Tom Simmons arrived at the Boys Home in 1958, when, he says, he was “12 acting like I was 30.” He remembers one day when B&GH director Reuben “Rube” McCray “pulled up a piece of corner carpet and said, ‘Boys, I’ve got a project for you.’ We brought this floor back to life.”

Simmons’s home life was so abusive that he had resorted to sleeping beneath a fountain overhang in downtown Wilmington. A social worker took him to the Boys Home, asking that they simply try to get him through high school, the most anyone could hope for. Simmons warned that he’d be gone in a week, because McCray would want him gone.
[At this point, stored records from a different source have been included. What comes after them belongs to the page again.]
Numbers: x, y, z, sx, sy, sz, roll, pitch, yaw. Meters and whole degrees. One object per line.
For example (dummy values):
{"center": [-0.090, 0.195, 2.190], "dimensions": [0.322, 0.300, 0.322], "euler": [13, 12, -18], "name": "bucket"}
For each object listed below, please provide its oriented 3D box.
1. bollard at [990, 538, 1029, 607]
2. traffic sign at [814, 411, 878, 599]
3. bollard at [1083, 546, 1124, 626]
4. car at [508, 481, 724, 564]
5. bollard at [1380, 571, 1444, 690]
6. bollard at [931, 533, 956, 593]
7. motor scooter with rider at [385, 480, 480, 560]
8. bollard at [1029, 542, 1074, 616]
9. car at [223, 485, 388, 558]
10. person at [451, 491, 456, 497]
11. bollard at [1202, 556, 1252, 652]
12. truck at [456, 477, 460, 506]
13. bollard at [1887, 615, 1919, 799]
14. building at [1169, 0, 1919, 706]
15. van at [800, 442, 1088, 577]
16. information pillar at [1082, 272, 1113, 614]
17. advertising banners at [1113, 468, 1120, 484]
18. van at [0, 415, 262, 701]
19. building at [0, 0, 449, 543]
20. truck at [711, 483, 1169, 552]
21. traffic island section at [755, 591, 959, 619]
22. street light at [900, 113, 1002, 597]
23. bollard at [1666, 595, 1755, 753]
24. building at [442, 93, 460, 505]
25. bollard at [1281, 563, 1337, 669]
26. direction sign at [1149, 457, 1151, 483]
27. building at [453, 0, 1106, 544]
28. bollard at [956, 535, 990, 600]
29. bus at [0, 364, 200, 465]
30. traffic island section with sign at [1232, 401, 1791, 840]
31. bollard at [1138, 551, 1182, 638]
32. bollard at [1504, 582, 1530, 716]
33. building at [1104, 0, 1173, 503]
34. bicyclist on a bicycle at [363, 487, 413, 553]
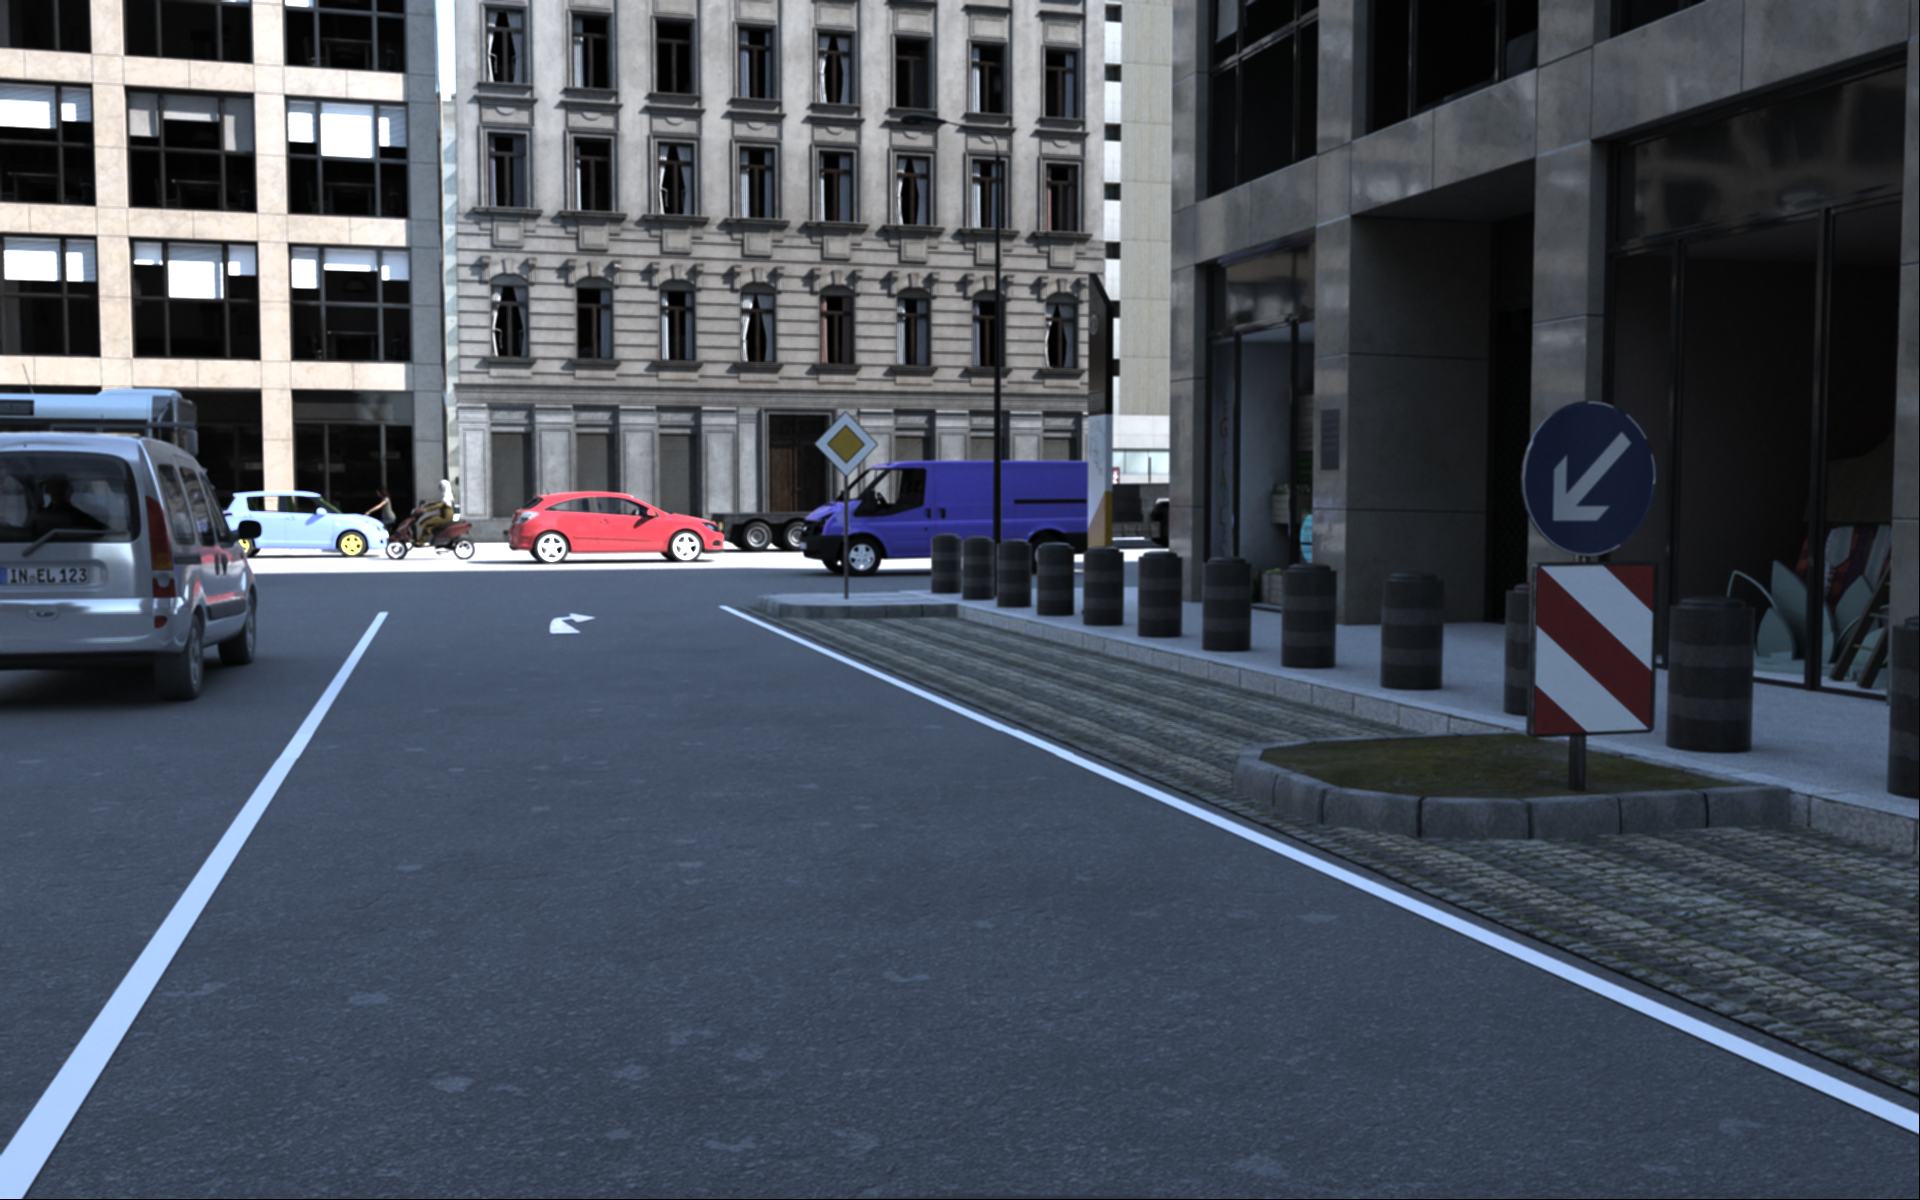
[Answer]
{"center": [0.619, -0.308, 19.758], "dimensions": [0.404, 0.777, 0.398], "euler": [0, 3, 0], "name": "bollard"}
{"center": [-1.393, -1.069, 21.123], "dimensions": [0.795, 2.450, 0.064], "euler": [-1, 4, -16], "name": "traffic sign"}
{"center": [1.409, -0.140, 17.013], "dimensions": [0.404, 0.777, 0.398], "euler": [0, 3, 0], "name": "bollard"}
{"center": [-7.220, -1.682, 36.546], "dimensions": [4.494, 1.783, 2.155], "euler": [-1, 4, -18], "name": "car"}
{"center": [3.000, 0.197, 11.491], "dimensions": [0.404, 0.777, 0.398], "euler": [0, 3, 0], "name": "bollard"}
{"center": [-0.175, -0.477, 22.514], "dimensions": [0.404, 0.777, 0.398], "euler": [0, 3, 0], "name": "bollard"}
{"center": [-11.525, -1.766, 37.845], "dimensions": [1.986, 1.779, 0.876], "euler": [-1, 4, -14], "name": "motor scooter with rider"}
{"center": [1.015, -0.224, 18.386], "dimensions": [0.404, 0.777, 0.398], "euler": [0, 3, 0], "name": "bollard"}
{"center": [-14.947, -1.824, 39.415], "dimensions": [3.694, 1.707, 1.945], "euler": [-1, 4, -15], "name": "car"}
{"center": [-56.023, -11.149, 191.323], "dimensions": [0.750, 1.759, 0.617], "euler": [-1, 4, -9], "name": "person"}
{"center": [2.197, 0.028, 14.259], "dimensions": [0.404, 0.777, 0.398], "euler": [0, 3, 0], "name": "bollard"}
{"center": [-35.672, -8.497, 128.681], "dimensions": [2.967, 4.110, 18.799], "euler": [-1, 4, -18], "name": "truck"}
{"center": [4.183, 0.449, 7.372], "dimensions": [0.404, 0.777, 0.398], "euler": [0, 3, 0], "name": "bollard"}
{"center": [16.460, -12.363, 6.658], "dimensions": [19.350, 26.468, 34.151], "euler": [-1, 4, -16], "name": "building"}
{"center": [-0.267, -1.644, 31.270], "dimensions": [5.245, 2.365, 2.240], "euler": [-1, 4, -16], "name": "van"}
{"center": [1.468, -1.642, 18.201], "dimensions": [0.183, 3.616, 0.504], "euler": [-1, 4, -18], "name": "information pillar"}
{"center": [10.935, -7.164, 113.318], "dimensions": [2.074, 3.025, 0.090], "euler": [0, 4, -5], "name": "advertising banners"}
{"center": [-6.463, -0.377, 13.176], "dimensions": [2.013, 2.044, 4.112], "euler": [-1, 4, -14], "name": "van"}
{"center": [-32.502, -14.963, 49.162], "dimensions": [34.151, 26.468, 19.350], "euler": [-1, 4, -16], "name": "building"}
{"center": [2.969, -3.418, 45.649], "dimensions": [18.799, 4.110, 2.967], "euler": [-1, 4, -15], "name": "truck"}
{"center": [-1.372, 0.066, 21.207], "dimensions": [2.009, 0.180, 2.903], "euler": [-1, 4, -16], "name": "traffic island section"}
{"center": [-0.052, -2.992, 21.460], "dimensions": [1.470, 5.913, 1.316], "euler": [-1, 4, -16], "name": "street light"}
{"center": [3.789, 0.365, 8.746], "dimensions": [0.404, 0.777, 0.398], "euler": [0, 3, 0], "name": "bollard"}
{"center": [-58.451, -36.119, 210.161], "dimensions": [30.456, 49.044, 23.786], "euler": [-1, 4, -16], "name": "building"}
{"center": [2.596, 0.112, 12.888], "dimensions": [0.404, 0.777, 0.398], "euler": [0, 3, 0], "name": "bollard"}
{"center": [11.659, -7.003, 106.489], "dimensions": [0.379, 3.537, 0.876], "euler": [0, 4, 1], "name": "direction sign"}
{"center": [-5.647, -12.343, 50.962], "dimensions": [18.267, 20.994, 9.793], "euler": [-1, 4, -16], "name": "building"}
{"center": [0.227, -0.393, 21.139], "dimensions": [0.404, 0.777, 0.398], "euler": [0, 3, 0], "name": "bollard"}
{"center": [-17.926, -1.940, 26.574], "dimensions": [13.247, 3.499, 2.948], "euler": [-1, 4, -17], "name": "bus"}
{"center": [2.381, 0.031, 8.127], "dimensions": [1.989, 1.847, 2.006], "euler": [-1, 4, -16], "name": "traffic island section with sign"}
{"center": [1.807, -0.057, 15.642], "dimensions": [0.404, 0.777, 0.398], "euler": [0, 3, 0], "name": "bollard"}
{"center": [3.392, 0.281, 10.118], "dimensions": [0.404, 0.777, 0.398], "euler": [0, 3, 0], "name": "bollard"}
{"center": [12.269, -35.752, 173.784], "dimensions": [27.495, 52.752, 28.713], "euler": [-1, 4, -16], "name": "building"}
{"center": [-14.096, -1.962, 42.101], "dimensions": [1.625, 1.676, 1.499], "euler": [-1, 4, -16], "name": "bicyclist on a bicycle"}
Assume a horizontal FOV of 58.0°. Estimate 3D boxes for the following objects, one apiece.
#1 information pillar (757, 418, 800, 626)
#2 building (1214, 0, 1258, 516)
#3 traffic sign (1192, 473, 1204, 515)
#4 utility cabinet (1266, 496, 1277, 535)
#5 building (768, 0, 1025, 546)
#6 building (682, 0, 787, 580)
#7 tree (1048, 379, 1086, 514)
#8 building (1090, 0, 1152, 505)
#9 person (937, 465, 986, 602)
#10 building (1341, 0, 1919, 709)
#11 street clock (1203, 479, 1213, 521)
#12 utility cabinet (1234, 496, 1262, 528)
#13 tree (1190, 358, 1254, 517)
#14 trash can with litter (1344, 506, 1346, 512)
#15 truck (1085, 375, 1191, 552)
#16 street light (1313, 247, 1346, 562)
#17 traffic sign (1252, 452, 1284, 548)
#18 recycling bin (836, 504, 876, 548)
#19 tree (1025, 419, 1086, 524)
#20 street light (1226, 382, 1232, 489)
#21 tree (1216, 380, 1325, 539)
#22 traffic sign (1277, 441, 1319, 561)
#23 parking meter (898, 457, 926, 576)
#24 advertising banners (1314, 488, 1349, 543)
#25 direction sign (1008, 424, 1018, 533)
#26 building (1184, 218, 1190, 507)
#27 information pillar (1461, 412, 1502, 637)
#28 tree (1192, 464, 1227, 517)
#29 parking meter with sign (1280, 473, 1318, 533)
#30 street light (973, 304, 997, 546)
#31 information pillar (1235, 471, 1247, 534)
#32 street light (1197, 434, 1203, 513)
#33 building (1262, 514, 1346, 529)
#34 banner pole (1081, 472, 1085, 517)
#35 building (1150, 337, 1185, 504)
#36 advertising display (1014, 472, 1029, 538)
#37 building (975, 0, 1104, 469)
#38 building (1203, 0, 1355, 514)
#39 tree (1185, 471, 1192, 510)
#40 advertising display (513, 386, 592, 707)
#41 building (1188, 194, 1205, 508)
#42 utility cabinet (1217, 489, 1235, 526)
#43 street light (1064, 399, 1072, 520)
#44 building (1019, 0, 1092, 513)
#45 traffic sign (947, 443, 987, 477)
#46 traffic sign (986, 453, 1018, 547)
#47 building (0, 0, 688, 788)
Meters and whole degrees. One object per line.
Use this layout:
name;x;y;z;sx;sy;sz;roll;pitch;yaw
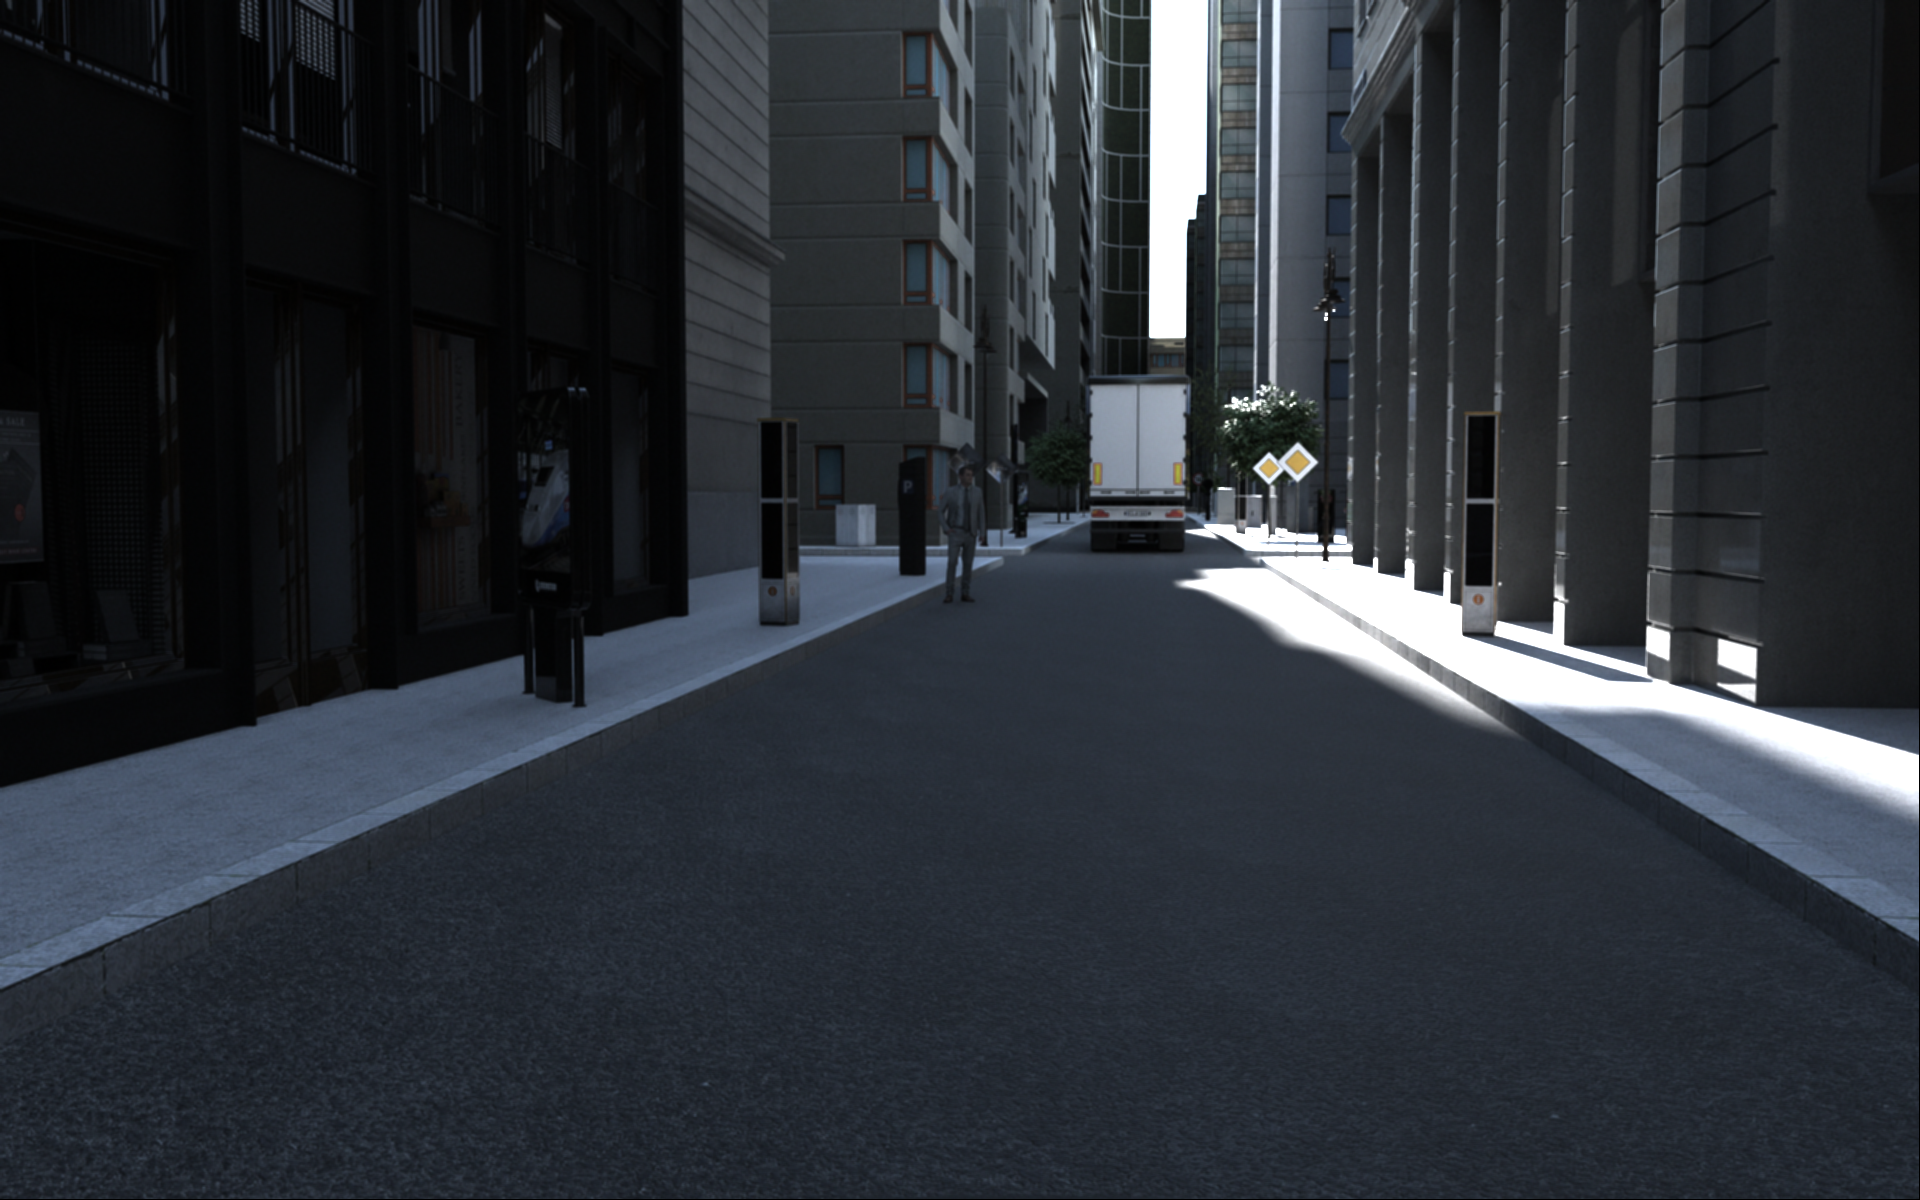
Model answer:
information pillar;-1.771;-0.762;16.943;0.304;2.012;0.304;1;4;21
building;22.937;-25.919;107.369;14.154;41.232;14.086;0;4;6
traffic sign;14.276;-6.334;103.671;0.768;2.556;0.104;1;4;15
utility cabinet;9.834;-2.662;54.687;0.306;1.237;1.020;0;4;8
building;-12.665;-13.015;57.834;27.650;21.520;28.899;0;4;6
building;-15.116;-14.621;26.445;23.554;28.519;14.401;0;4;6
tree;7.286;-9.785;110.350;4.360;8.622;3.978;0;3;0
building;12.771;-47.187;209.760;20.611;71.187;20.563;0;4;6
person;0.028;-0.885;23.070;0.635;1.810;0.391;-1;4;-22
building;10.928;-14.593;16.093;11.434;29.767;29.804;0;4;6
street clock;12.024;-4.857;83.984;0.471;2.002;0.358;0;4;-5
utility cabinet;11.005;-3.361;66.117;1.020;1.237;0.306;1;4;22
tree;13.985;-8.829;94.718;4.737;8.622;4.395;0;3;0
trash can with litter;10.778;-2.179;47.019;0.624;1.170;1.055;1;4;18
truck;4.783;-3.519;46.445;2.839;4.237;11.283;0;4;6
street light;6.923;-3.660;32.627;0.468;5.910;1.993;0;4;6
traffic sign;7.309;-2.286;41.020;0.795;2.450;0.064;0;4;6
recycling bin;-2.525;-1.797;41.931;0.722;1.027;0.722;2;4;34
tree;4.433;-5.643;75.979;4.285;4.588;4.351;0;3;0
street light;11.141;-6.058;71.832;0.468;5.910;1.993;0;4;6
tree;9.031;-4.065;50.180;4.285;4.588;4.351;0;3;0
traffic sign;6.438;-1.801;33.082;0.795;2.450;0.064;0;4;6
parking meter;-0.760;-1.325;27.381;0.399;1.863;0.255;2;4;34
advertising banners;10.296;-2.996;45.170;2.074;3.025;0.090;1;4;19
direction sign;1.767;-3.946;56.517;0.379;3.537;0.876;-1;4;-11
building;30.713;-25.122;182.445;14.160;30.474;14.107;0;4;6
information pillar;4.704;-0.681;15.634;0.304;2.012;0.304;1;4;21
tree;14.334;-6.365;98.672;1.663;3.219;1.824;0;3;0
parking meter with sign;11.111;-3.704;56.825;1.738;3.016;0.543;-3;4;-38
street light;0.614;-4.256;42.366;0.468;5.910;1.993;0;4;6
information pillar;9.039;-3.132;55.698;0.304;2.012;0.304;-1;4;-9
street light;15.901;-8.681;114.726;0.468;5.910;1.993;0;4;6
building;23.661;-32.626;75.441;21.231;58.520;28.212;0;4;6
banner pole;6.818;-6.495;96.213;0.401;3.779;0.863;-1;4;-12
building;37.849;-22.498;212.882;28.899;21.520;27.650;0;4;6
advertising display;1.791;-2.787;50.782;0.123;1.923;0.974;1;4;21
building;0.560;-36.014;178.061;27.495;52.752;28.713;0;4;6
building;31.260;-36.929;145.780;21.231;58.520;28.212;0;4;6
tree;17.972;-8.153;127.900;1.663;3.219;1.824;0;3;0
advertising display;-2.534;-0.338;10.748;0.123;1.923;0.974;-2;4;-34
building;29.756;-24.241;168.047;14.160;30.474;14.107;0;4;6
utility cabinet;10.822;-3.708;69.312;0.318;1.500;1.173;-3;4;-36
street light;5.282;-6.843;84.666;0.468;5.910;1.993;0;4;6
building;-1.343;-30.835;127.859;21.300;48.544;21.600;0;4;6
traffic sign;0.134;-1.844;33.792;0.795;2.450;0.064;0;4;6
traffic sign;1.005;-2.329;41.729;0.795;2.450;0.064;0;4;6
building;-9.845;-11.055;10.422;12.332;23.373;15.834;0;4;6

Not only did Simmons ultimately graduate from high school in Hallsboro, where the boys attended school, but he also earned a master’s degree and a doctorate in education. For the past 25 years, Simmons has been recognized as one of the foremost educators in eastern North Carolina. He left the B&GH Board of Directors, in fact, and came out of retirement to become the director of Flemington Academy, a charter school now located on the B&GH campus.

And what kept that abused, angry kid at B&GH longer than a week? The first night he went to bed, his roommate asked, “Aren’t you going to take off your clothes?” No, Simmons replied, he wasn’t. “You ain’t got any drawers, have you?” the roommate correctly guessed, and then crossed the room, opened his chest, and shared a pair of his own. That did it, Simmons says. No one had ever shared with him before, much less given him anything. Ever.

Bill Thompson, involved with B&GH for 37 years and counting, and president from 2003 to 2007, still speaks of Rube McCray with respect. “Mr. McCray’s basic idea was to take boys who needed a physical place where they could be safe,” he says, “and where they could feel like they were wanted and needed and loved. Then, educate them.”

Former president Bill Thompson strived to shape the futures of forgotten children. photograph by Boys & Girls Homes of North Carolina

But education isn’t restricted to a classroom. B&GH had a farm, and the residents raised hogs, cows, and vegetables, often displaying them in 4-H competitions and fairs, or selling them at their country store. Today, students work with horses; they begin with brushing and feeding, and eventually work up to riding. It’s the first time many of the kids have had control of anything, says Thompson. “If they pull the reins on that horse and he goes in that direction, that’s the first time anything has gone their way in their whole life.”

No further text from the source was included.